1 is a diagram for explaining an embodiment of the cassette for electrostatic recording of the present invention, FIG. 2 is a diagram for explaining a recording method in the present invention, and FIG. 3 is a diagram incorporating the cassette of FIG. FIG. 4 is a diagram showing another embodiment of the electrostatic recording cassette, FIG. 5 is a diagram showing a disk type electrostatic recording cassette, and FIG. 6 is a diagram of FIG. It is a figure showing an electrostatic camera incorporating a cassette. 100 ... cassette, 101 ... window, 102 ... barcode, 103
…… Photoconductor, 105… Film-like charge holding medium, 107 ……

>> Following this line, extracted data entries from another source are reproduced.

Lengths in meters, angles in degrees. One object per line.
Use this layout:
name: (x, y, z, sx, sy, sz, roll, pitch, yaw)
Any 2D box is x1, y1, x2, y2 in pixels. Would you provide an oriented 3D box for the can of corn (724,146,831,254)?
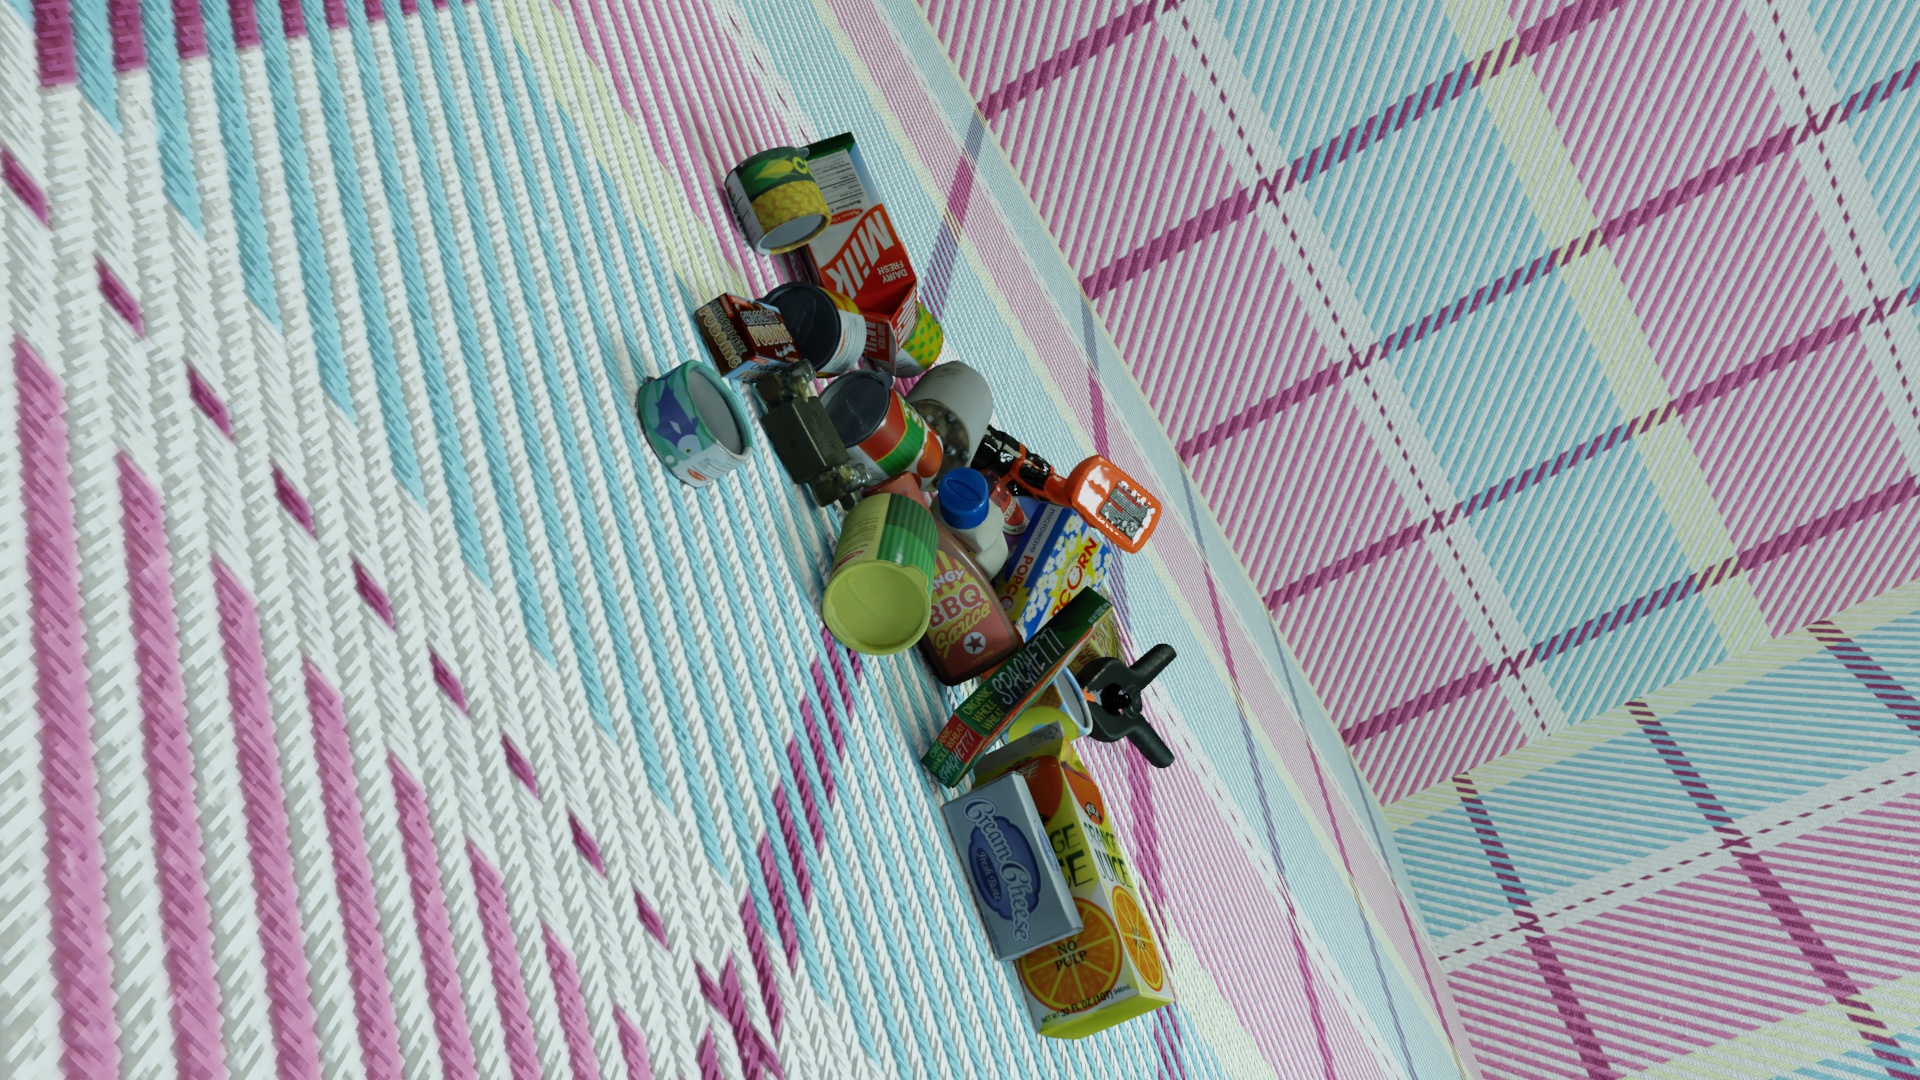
can of corn: (-0.138, -0.263, 1.074, 0.058, 0.071, 0.071, 65, 15, 6)

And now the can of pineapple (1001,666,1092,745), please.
can of pineapple: (0.060, 0.129, 1.069, 0.071, 0.058, 0.071, 55, 17, -25)

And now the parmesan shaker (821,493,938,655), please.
parmesan shaker: (-0.047, 0.018, 0.886, 0.071, 0.071, 0.103, 57, 16, -20)

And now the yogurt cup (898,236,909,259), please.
yogurt cup: (-0.085, -0.244, 1.235, 0.072, 0.072, 0.054, 60, 23, -9)

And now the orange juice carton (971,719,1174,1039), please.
orange juice carton: (0.064, 0.217, 0.905, 0.073, 0.071, 0.193, 39, 28, -58)

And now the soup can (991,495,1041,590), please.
soup can: (0.057, 0.014, 1.240, 0.071, 0.071, 0.084, 43, 25, -51)

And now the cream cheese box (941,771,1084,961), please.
cream cheese box: (0.031, 0.201, 0.859, 0.104, 0.053, 0.024, 68, 14, 21)

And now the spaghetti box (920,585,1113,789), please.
spaghetti box: (0.046, 0.096, 0.970, 0.029, 0.050, 0.251, 37, 29, 10)

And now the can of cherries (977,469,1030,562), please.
can of cherries: (0.020, -0.018, 1.168, 0.058, 0.071, 0.072, 54, 17, -27)

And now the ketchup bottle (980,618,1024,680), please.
ketchup bottle: (-0.007, 0.036, 1.037, 0.148, 0.043, 0.065, 54, 8, -27)

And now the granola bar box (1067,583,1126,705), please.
granola bar box: (0.118, 0.074, 1.390, 0.124, 0.039, 0.166, 53, 18, -33)

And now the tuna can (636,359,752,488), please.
tuna can: (-0.148, -0.068, 0.776, 0.071, 0.033, 0.071, 55, 17, -25)

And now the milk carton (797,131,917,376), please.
milk carton: (-0.088, -0.230, 1.140, 0.072, 0.073, 0.191, 95, -27, -71)

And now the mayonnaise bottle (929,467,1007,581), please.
mayonnaise bottle: (0.004, -0.013, 1.049, 0.065, 0.041, 0.147, 31, -14, 11)

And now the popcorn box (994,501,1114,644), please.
popcorn box: (0.072, 0.042, 1.152, 0.085, 0.038, 0.127, 45, 67, -49)

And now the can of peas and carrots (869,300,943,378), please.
can of peas and carrots: (-0.055, -0.184, 1.213, 0.058, 0.071, 0.071, 36, 30, -61)

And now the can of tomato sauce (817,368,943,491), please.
can of tomato sauce: (-0.059, -0.078, 1.016, 0.083, 0.071, 0.071, 44, 24, -51)

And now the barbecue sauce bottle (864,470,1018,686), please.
barbecue sauce bottle: (-0.018, 0.024, 0.971, 0.148, 0.065, 0.043, 63, -9, -8)

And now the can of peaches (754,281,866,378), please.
can of peaches: (-0.108, -0.150, 0.989, 0.071, 0.071, 0.058, 63, 15, 3)

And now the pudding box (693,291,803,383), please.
pudding box: (-0.139, -0.133, 0.923, 0.049, 0.030, 0.084, 63, 15, 7)

Film support member, 109: supply roll, 111: take-up roll.

Claims (5)

(57) [Claims] An electrostatic recording cassette incorporating a photosensitive member fixed to a photographing window portion and a film-like charge holding medium opposed to the photosensitive member at a predetermined interval, comprising: An electrostatic recording cassette characterized in that a recording medium is sequentially supplied to a photographing window by contacting a medium on a surface of a spacing member facing a photosensitive member. 2. An electrostatic recording cassette incorporating a photoreceptor fixed to a photographing window portion and a film-like charge holding medium opposed to the photoreceptor at a predetermined interval, comprising: A cassette for electrostatic recording, wherein a medium is pressed by a spacer provided on a photoreceptor, and a recording unit is sequentially supplied to a photographing window. 3. An electrostatic recording cassette incorporating a photosensitive member fixed to a photographing window portion and a disk-shaped charge holding medium opposed to the photosensitive member at a predetermined interval, wherein the disk-shaped charge holding member is provided. A cassette for electrostatic recording, wherein the medium is rotated in the cassette and the recording unit is sequentially supplied to the photographing window. 4. The electrostatic recording cassette according to claim 1, wherein a bar code indicating a photographing condition corresponding to a photosensitive material is displayed on a part of the surface of the cassette. 5. A cassette-type electrostatic camera into which the cassette according to claim 1 can be incorporated, and which performs electrostatic recording on a charge holding medium through an objective lens and a photoreceptor.